The Discomfort of the In-Between
Between what was and what’s coming
Lately, I’ve been sensing a shift within myself.
I’ve spent quite some time now unpacking my own patterns: the triggers that throw me off balance, the stories I tell myself, the beliefs that once protected me but now hold me back.
More and more, I’m starting to see them clearly.
Not always right away and not without resistance, but I recognize them.
And I feel this urge to live differently. Not just in words, but in actual choices.
To live more honestly, more gently, and more in tune with what feels true.
I’ve also started speaking up more. To myself, to others.
But what this change is going to look like, how it will take form…
That’s still unclear.
And that’s exactly where I am right now:
In the space where the old no longer works,
but the new hasn’t yet revealed itself.
It’s not chaos. It’s not drama.
It’s more like a quiet pause. A waiting. A not-knowing.
And honestly? That’s not an easy place to be in.

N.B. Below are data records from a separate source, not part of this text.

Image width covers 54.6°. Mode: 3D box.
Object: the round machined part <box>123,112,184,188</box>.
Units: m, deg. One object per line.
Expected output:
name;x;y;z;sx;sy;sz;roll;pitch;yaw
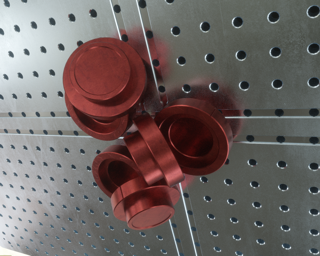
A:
round machined part;-0.012;0.032;0.388;0.042;0.098;0.098;-29;107;-6

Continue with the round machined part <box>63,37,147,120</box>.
round machined part;-0.065;-0.061;0.362;0.098;0.042;0.098;0;82;2

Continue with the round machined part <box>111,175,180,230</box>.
round machined part;-0.017;0.110;0.441;0.099;0.042;0.098;-13;142;-11

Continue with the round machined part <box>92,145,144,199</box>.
round machined part;-0.050;0.066;0.467;0.098;0.042;0.097;13;124;21

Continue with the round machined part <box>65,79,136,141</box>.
round machined part;-0.075;-0.035;0.418;0.098;0.042;0.097;13;124;21

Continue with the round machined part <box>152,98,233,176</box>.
round machined part;0.041;0.007;0.383;0.098;0.042;0.097;13;124;21
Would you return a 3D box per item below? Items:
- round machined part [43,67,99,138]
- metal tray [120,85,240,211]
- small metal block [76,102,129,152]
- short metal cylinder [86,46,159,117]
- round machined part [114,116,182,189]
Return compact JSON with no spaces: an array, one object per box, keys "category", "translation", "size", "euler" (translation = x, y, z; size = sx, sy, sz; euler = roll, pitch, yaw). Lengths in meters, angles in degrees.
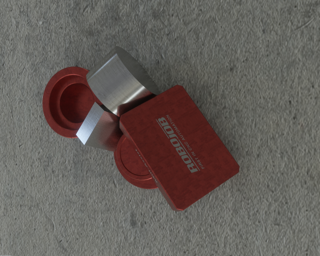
[{"category":"round machined part","translation":[-0.113,-0.035,0.439],"size":[0.098,0.042,0.097],"euler":[0,90,19]},{"category":"metal tray","translation":[0.022,0.022,0.376],"size":[0.091,0.030,0.130],"euler":[-31,79,-15]},{"category":"small metal block","translation":[-0.071,0.000,0.402],"size":[0.025,0.050,0.050],"euler":[41,104,40]},{"category":"short metal cylinder","translation":[-0.046,-0.057,0.397],"size":[0.050,0.080,0.080],"euler":[-39,78,16]},{"category":"round machined part","translation":[-0.018,0.032,0.406],"size":[0.098,0.042,0.097],"euler":[0,90,19]}]
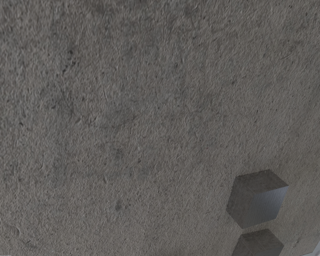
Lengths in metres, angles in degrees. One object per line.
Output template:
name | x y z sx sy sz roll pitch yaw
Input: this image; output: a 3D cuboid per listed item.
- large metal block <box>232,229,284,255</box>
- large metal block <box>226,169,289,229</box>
large metal block | 0.209 0.273 0.673 0.081 0.050 0.079 0 119 -28
large metal block | 0.176 0.129 0.566 0.081 0.050 0.079 -7 122 -25
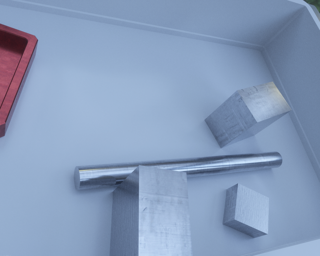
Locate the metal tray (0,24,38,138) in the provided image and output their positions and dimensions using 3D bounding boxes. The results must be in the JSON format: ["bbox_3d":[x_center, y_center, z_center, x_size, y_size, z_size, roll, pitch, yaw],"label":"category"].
[{"bbox_3d":[-0.196,-0.060,0.333,0.091,0.030,0.130,17,55,-19],"label":"metal tray"}]

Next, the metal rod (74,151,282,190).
[{"bbox_3d":[0.045,0.051,0.400,0.303,0.025,0.025,-1,62,-29],"label":"metal rod"}]

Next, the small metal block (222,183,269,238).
[{"bbox_3d":[0.112,0.108,0.403,0.050,0.025,0.050,26,52,-12],"label":"small metal block"}]

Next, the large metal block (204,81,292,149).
[{"bbox_3d":[0.127,-0.019,0.453,0.081,0.080,0.050,-16,71,-35],"label":"large metal block"}]

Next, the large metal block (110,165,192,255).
[{"bbox_3d":[-0.012,0.092,0.309,0.050,0.080,0.080,12,57,-22],"label":"large metal block"}]

The in-between as a place of its own
We’re used to wanting clarity, control, direction.
But some phases just won’t be rushed.
You may know what you’re done with: a certain dynamic, a way of living, a relationship with yourself.
But what comes next?
That part’s still blank.
We often call it “not knowing,” as if it’s a glitch in the system. Something to solve as soon as possible.

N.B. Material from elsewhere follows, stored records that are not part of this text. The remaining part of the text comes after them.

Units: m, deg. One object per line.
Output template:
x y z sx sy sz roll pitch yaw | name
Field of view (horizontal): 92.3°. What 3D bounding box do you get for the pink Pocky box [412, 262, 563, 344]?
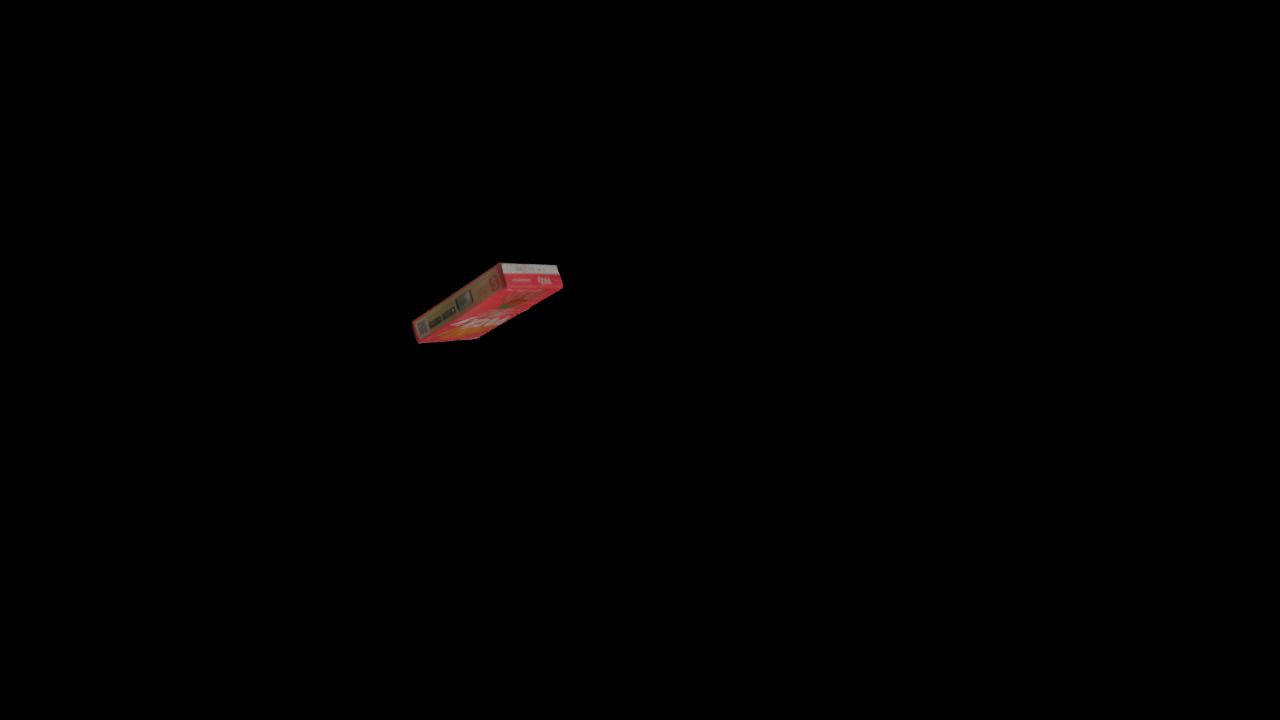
-0.163 -0.058 0.655 0.155 0.029 0.084 -24 -9 33 | pink Pocky box
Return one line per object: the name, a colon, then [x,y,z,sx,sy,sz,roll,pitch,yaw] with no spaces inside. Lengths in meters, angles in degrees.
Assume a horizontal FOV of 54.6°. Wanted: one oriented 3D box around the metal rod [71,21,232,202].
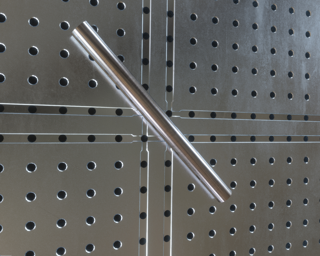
metal rod: [-0.003,-0.012,0.412,0.025,0.025,0.300,-45,104,-14]
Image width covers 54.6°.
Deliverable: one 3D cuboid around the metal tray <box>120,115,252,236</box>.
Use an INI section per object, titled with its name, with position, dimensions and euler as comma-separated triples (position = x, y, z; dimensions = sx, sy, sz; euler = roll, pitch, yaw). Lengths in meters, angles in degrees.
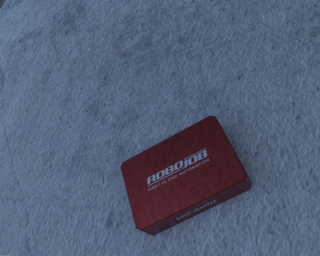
[metal tray]
position = 0.025, 0.054, 0.355
dimensions = 0.130, 0.030, 0.090
euler = -29, 52, 10
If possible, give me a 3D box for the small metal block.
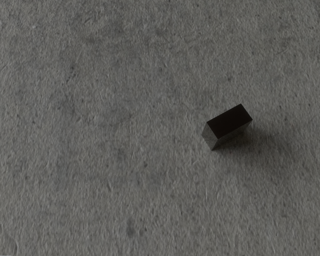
[{"bbox_3d":[0.084,0.000,0.395,0.050,0.050,0.025,-28,73,-10],"label":"small metal block"}]
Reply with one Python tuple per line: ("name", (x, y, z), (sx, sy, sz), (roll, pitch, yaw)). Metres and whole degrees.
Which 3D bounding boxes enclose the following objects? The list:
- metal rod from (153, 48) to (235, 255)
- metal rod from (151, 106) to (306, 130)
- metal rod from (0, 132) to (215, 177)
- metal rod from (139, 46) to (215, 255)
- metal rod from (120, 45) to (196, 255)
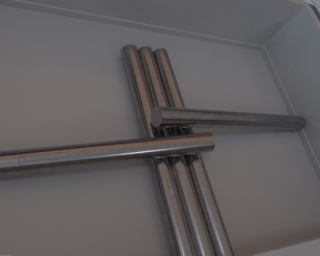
("metal rod", (0.036, 0.018, 0.414), (0.025, 0.025, 0.299), (-1, 62, -29))
("metal rod", (0.120, -0.011, 0.455), (0.302, 0.025, 0.025), (1, 61, -35))
("metal rod", (-0.076, 0.028, 0.326), (0.303, 0.025, 0.025), (-4, 64, -24))
("metal rod", (0.014, 0.018, 0.402), (0.025, 0.025, 0.299), (-1, 62, -29))
("metal rod", (-0.008, 0.019, 0.390), (0.025, 0.025, 0.299), (-1, 62, -29))
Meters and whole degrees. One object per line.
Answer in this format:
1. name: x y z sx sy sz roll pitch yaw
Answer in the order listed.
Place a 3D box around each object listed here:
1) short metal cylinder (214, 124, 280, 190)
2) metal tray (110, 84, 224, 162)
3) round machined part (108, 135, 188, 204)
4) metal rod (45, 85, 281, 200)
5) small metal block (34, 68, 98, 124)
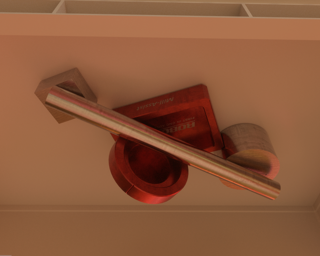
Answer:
1. short metal cylinder: 0.117 0.040 0.427 0.081 0.050 0.079 0 130 0
2. metal tray: 0.009 0.003 0.406 0.130 0.030 0.090 -15 129 12
3. round machined part: -0.017 0.049 0.384 0.099 0.098 0.042 22 134 -18
4. metal rod: 0.014 0.023 0.373 0.302 0.025 0.025 24 126 -12
5. small metal block: -0.111 -0.038 0.373 0.050 0.025 0.050 -17 128 13
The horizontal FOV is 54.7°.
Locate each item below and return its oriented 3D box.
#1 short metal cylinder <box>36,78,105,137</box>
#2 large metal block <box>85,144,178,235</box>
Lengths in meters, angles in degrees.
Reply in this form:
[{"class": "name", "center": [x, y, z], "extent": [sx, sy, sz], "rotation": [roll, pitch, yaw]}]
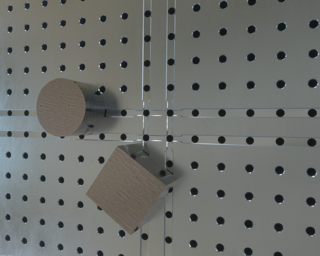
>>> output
[{"class": "short metal cylinder", "center": [-0.127, -0.028, 0.444], "extent": [0.080, 0.050, 0.080], "rotation": [0, 90, 20]}, {"class": "large metal block", "center": [-0.037, 0.078, 0.412], "extent": [0.080, 0.050, 0.080], "rotation": [37, 102, 16]}]
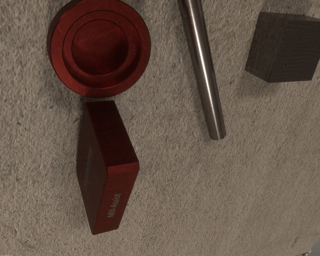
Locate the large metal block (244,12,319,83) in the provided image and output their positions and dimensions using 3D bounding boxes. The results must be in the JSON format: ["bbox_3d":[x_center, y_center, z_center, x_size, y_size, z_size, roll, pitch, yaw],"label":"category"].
[{"bbox_3d":[0.172,-0.109,0.419,0.081,0.050,0.079,-7,122,-25],"label":"large metal block"}]

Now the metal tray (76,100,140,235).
[{"bbox_3d":[-0.062,0.045,0.335,0.030,0.090,0.129,-7,141,-25],"label":"metal tray"}]

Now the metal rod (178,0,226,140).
[{"bbox_3d":[0.046,-0.101,0.370,0.025,0.025,0.299,-28,129,-11],"label":"metal rod"}]

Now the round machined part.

But what if this not-knowing isn’t a detour?
What if it’s a place in and of itself?
A space that’s slow, unclear, maybe even boring. But also honest, quiet, real.
The longer I allow myself to be here, the less panic I feel.
This isn’t a mistake.
It’s part of the process.
Why it’s so uncomfortable
We were raised in a culture that values performance, productivity and having answers.

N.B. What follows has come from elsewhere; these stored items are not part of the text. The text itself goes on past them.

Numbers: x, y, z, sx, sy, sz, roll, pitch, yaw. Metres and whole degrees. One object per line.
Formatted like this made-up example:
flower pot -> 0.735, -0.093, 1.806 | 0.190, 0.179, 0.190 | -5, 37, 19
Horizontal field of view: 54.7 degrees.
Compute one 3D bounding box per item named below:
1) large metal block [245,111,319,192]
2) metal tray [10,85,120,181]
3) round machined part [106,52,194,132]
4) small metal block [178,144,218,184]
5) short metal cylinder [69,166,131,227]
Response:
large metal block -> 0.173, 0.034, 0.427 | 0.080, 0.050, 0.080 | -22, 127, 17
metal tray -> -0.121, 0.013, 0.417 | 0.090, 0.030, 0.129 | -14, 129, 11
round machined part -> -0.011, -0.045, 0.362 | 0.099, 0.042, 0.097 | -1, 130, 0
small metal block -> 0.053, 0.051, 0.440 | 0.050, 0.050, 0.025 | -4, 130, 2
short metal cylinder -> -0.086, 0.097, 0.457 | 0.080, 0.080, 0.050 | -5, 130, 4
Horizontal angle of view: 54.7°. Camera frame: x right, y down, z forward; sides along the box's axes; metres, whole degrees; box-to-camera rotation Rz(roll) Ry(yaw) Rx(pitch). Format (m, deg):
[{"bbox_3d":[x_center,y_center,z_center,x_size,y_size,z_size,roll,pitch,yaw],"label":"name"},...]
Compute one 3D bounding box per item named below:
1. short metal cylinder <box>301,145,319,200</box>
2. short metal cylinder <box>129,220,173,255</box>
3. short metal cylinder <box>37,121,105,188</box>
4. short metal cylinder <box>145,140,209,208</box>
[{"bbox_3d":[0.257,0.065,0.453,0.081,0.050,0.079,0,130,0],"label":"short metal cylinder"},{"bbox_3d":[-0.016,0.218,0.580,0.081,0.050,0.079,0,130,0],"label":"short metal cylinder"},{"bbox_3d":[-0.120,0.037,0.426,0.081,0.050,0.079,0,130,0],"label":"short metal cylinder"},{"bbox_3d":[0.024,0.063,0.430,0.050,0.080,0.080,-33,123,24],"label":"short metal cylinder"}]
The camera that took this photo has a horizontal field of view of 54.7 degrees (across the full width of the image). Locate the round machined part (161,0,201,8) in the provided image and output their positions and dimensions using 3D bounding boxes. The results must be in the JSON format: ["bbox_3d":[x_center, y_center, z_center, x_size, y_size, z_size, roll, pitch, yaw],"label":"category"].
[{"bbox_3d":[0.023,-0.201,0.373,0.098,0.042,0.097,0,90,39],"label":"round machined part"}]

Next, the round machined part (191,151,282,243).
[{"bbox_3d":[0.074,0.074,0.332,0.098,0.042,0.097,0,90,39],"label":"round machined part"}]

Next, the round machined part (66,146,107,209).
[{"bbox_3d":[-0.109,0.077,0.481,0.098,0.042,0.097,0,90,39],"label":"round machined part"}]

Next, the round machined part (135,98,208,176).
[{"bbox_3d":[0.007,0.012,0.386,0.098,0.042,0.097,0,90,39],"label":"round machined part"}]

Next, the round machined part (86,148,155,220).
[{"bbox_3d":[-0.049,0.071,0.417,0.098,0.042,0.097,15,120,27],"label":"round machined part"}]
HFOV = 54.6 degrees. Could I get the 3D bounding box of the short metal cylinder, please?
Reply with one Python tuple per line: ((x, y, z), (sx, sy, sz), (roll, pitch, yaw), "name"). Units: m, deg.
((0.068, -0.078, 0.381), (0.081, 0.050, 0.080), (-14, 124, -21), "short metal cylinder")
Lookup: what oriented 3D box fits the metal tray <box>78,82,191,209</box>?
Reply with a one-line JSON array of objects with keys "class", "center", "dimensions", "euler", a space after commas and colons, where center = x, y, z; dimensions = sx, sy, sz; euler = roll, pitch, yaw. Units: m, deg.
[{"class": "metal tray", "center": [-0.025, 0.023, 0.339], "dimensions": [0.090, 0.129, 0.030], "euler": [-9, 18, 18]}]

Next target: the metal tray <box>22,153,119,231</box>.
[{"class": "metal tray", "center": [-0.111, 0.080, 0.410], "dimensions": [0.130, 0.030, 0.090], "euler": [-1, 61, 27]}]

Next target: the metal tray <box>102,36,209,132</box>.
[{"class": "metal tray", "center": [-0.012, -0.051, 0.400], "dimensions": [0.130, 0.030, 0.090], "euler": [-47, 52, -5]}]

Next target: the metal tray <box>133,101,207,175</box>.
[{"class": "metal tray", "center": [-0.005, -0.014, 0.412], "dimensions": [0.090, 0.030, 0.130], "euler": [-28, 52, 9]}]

There’s no real room for uncertainty or transition.
We tend to label doubt, emptiness or confusion as being stuck.
But what if that’s exactly where real transformation begins. Not from the mind, but from a deeper place?
And that kind of change doesn’t follow a timeline.
It asks for space, softness and above all: the willingness to not rush.
What helps me, when I remember, is simply allowing myself to not know, and letting that be okay.
Small rhythms like eating well, moving my body and getting rest give me a bit of grounding when everything else feels wobbly (which is no small feat with a young child).
Conversations where I don’t have to explain myself help too.
Leaving space in my calendar. Doing less, feeling more.
And mostly, resisting the urge to find answers before they’re ready to come.
Sometimes you just have to stay in the fog.
Not forever, but long enough to not betray yourself in your hurry to escape it.
Why not-knowing isn’t a flaw, but a functional phase
It’s tempting to treat the in-between as a problem. Something that blocks you from where you were and where you’re meant to be.
But when you zoom out and look at it through different lenses, like from neuroscience, culture and collective wisdom, you start to see that this space actually plays an essential role.
The discomfort isn’t a sign that you’re stuck.
It’s a sign that you’re changing.
The brain in transition
Our brains are wired for efficiency and repetition. They love the familiar: patterns, habits, automatic responses.
But when you start consciously breaking a pattern, something real happens.
The neural pathways that supported your old behavior begin to dissolve.
Neuropsychiatrist Norman Doidge, in his book The Brain That Changes Itself, explains how this process, known as neuroplasticity, creates space for new connections to form. But at first, those new pathways are fragile.
That’s why everything feels slower, more tiring, more confusing.
You’re not falling behind.
You’re literally rewiring.
It feels uncomfortable not because you're failing, but because you’re evolving.
The wisdom of the in-between
Across many Indigenous traditions, there’s deep knowledge around transition.
Whether it’s birth, grief, initiation or inner crisis, these traditions recognize the necessity of moving through phases where you’re “no one” for a while.
No longer who you were, not yet who you’ll become.
Among the Dagara people of Burkina Faso, for instance, this in-between phase is guided with intentional rituals. You step out of your former role, without stepping directly into a new one.
That formlessness is not a problem: it’s a vital part of transformation.
Sobonfu Somé, a writer and ritual keeper from that same tradition, writes in her book Falling Out of Grace about how crucial it is to pause in this in-between space. Not just for personal growth, but for the balance of soul and community.
She describes how the loss of ritual, and of letting meaning ripen slowly, is one of the deepest wounds in modern societies.
We’ve forgotten how to wait.
How to be with what isn’t clear yet.
But often, that’s where the real beginning hides.
Not as an idea, but as experience.
This too is part of the process
What I’m slowly starting to understand is this:
Not-knowing isn’t a break before transformation.
It is part of the transformation.
Something is happening, even if I can’t name or explain it yet.
It asks me to stay present, even when I don’t feel direction.
And maybe that’s one of the most meaningful things I can do right now.